[THE DATA Boundary: Start]
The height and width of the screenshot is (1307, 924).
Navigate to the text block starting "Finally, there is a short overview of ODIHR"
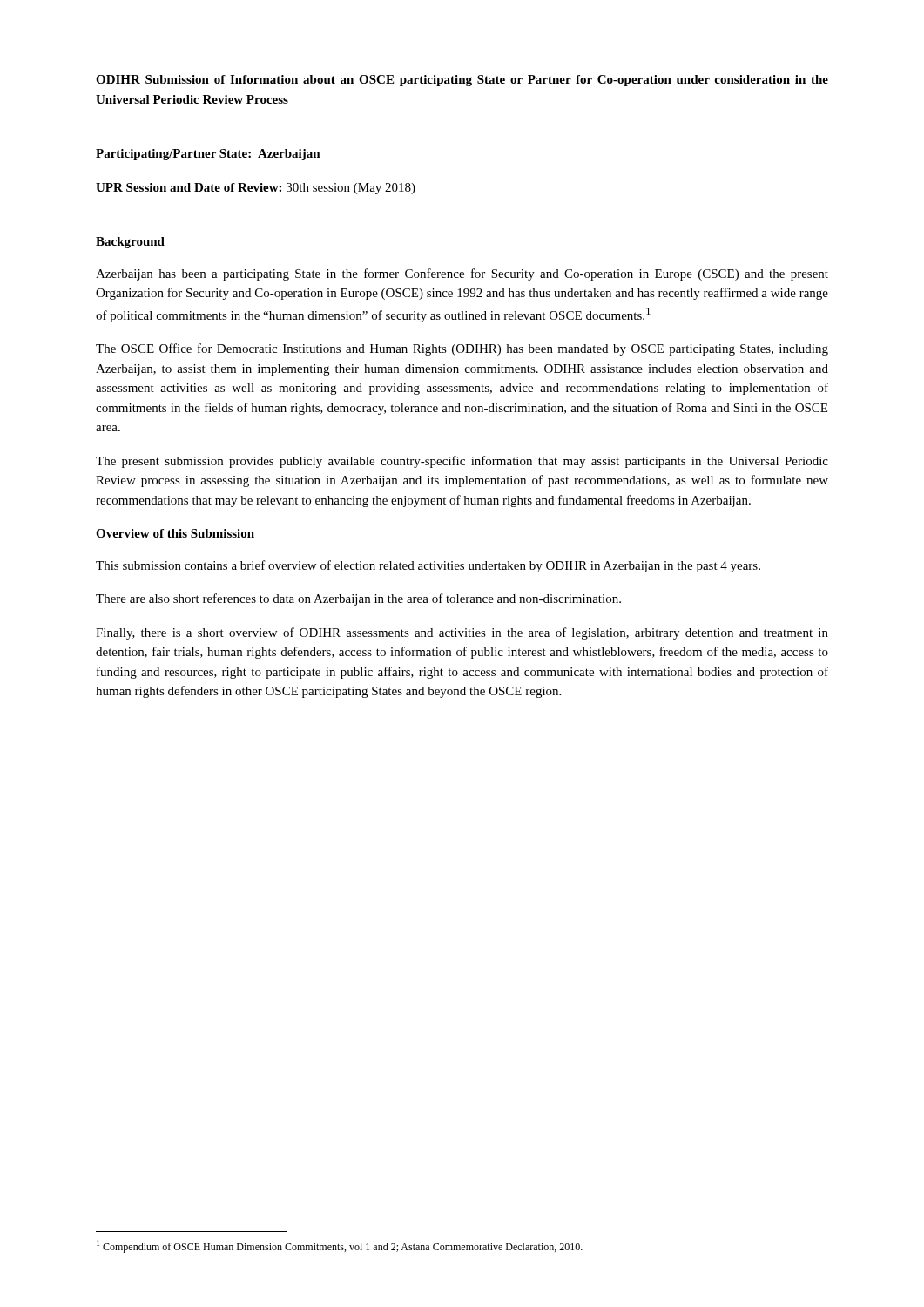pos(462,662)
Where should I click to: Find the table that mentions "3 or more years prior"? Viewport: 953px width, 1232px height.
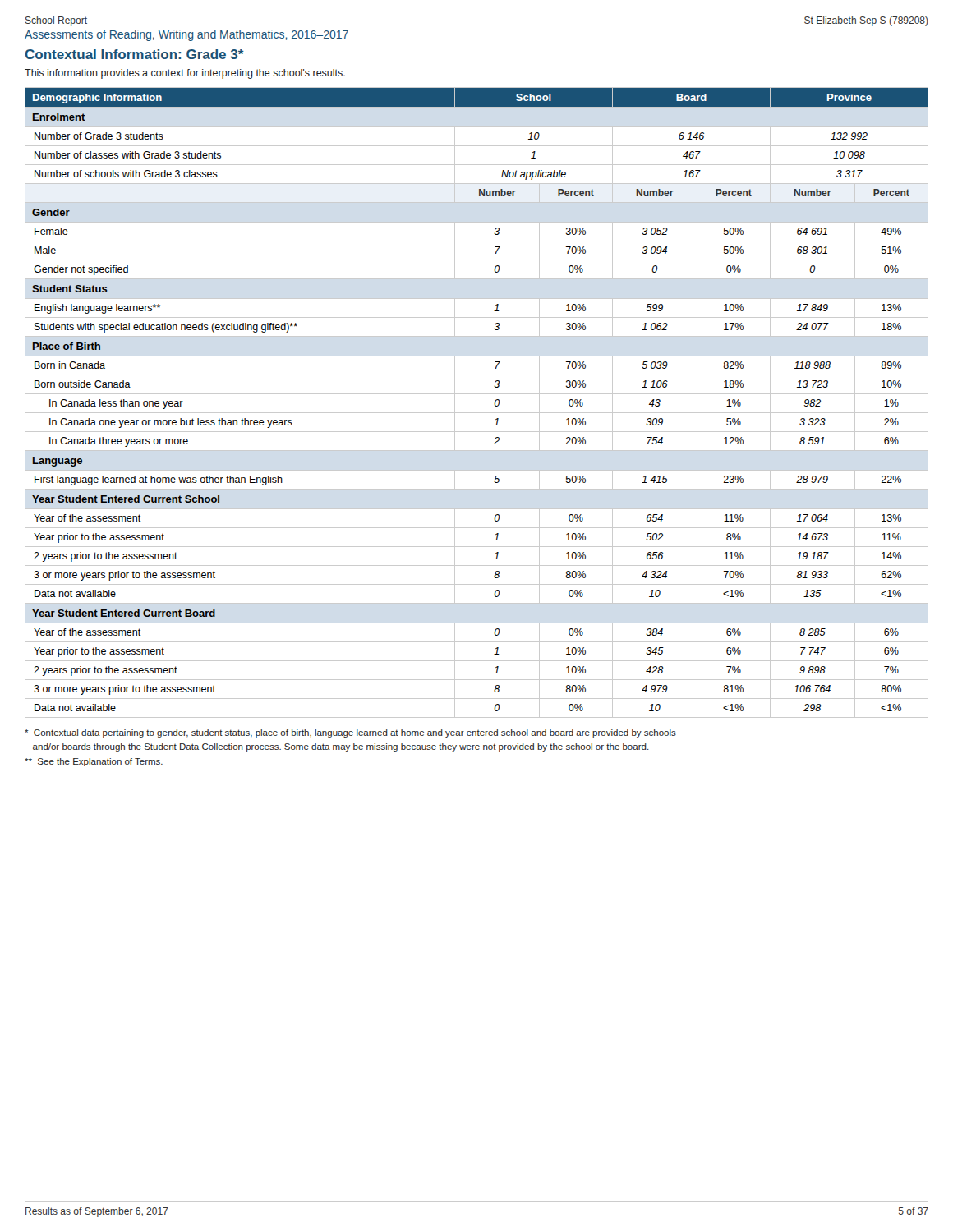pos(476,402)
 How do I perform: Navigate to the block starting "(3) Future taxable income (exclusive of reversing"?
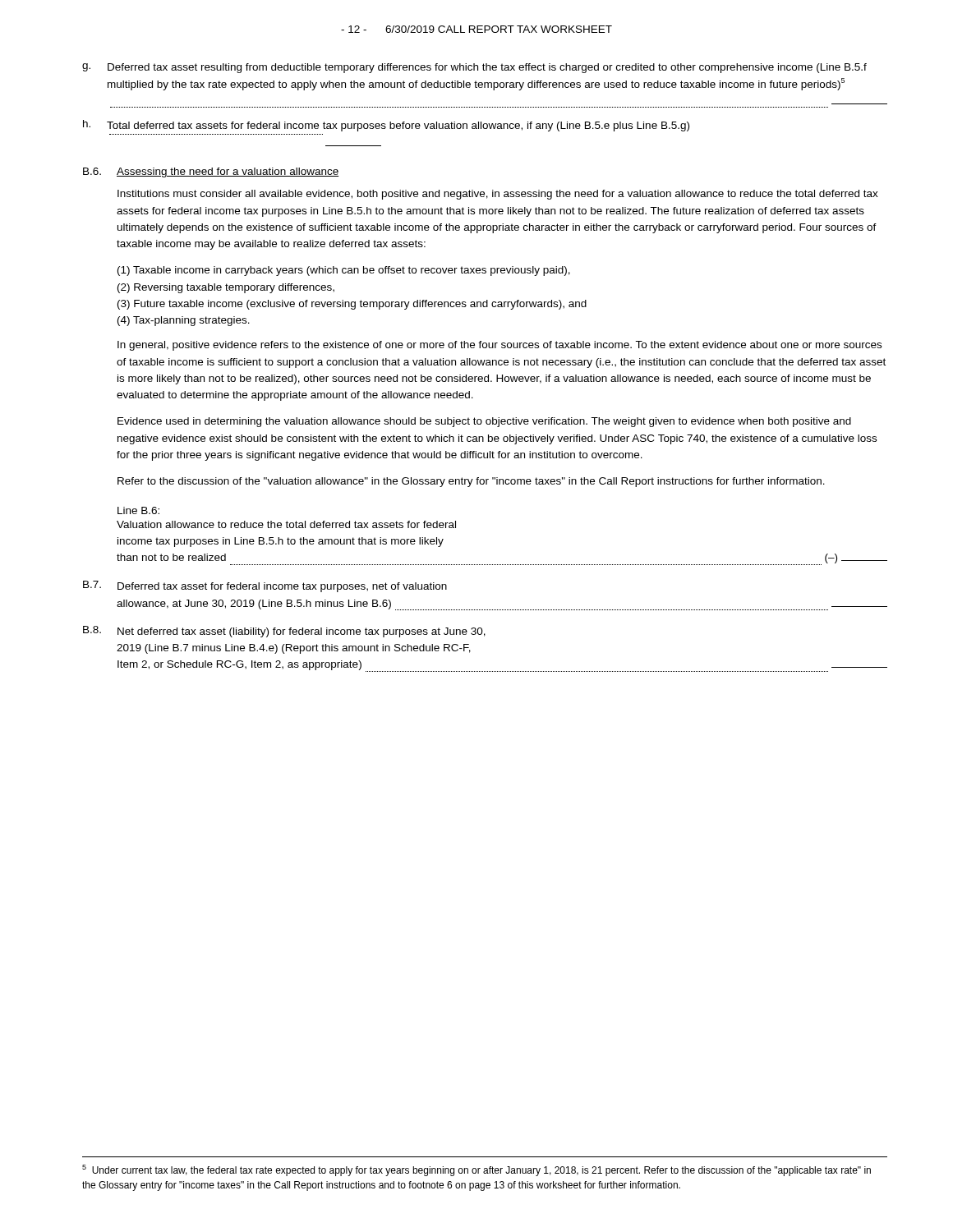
[THE DATA Boundary: End]
ABOUT THIS EXERCISE =
What you return must match the entries above exactly, apart from the pictures, which are left out.

SOLUTION =
The height and width of the screenshot is (1307, 924).
Navigate to the text block starting "Finally, there is a short overview of ODIHR"
pos(462,662)
Where should I click to: Find the table that mentions "3 or more years prior"? Viewport: 953px width, 1232px height.
pos(476,402)
 How do I perform: Navigate to the block starting "(3) Future taxable income (exclusive of reversing"?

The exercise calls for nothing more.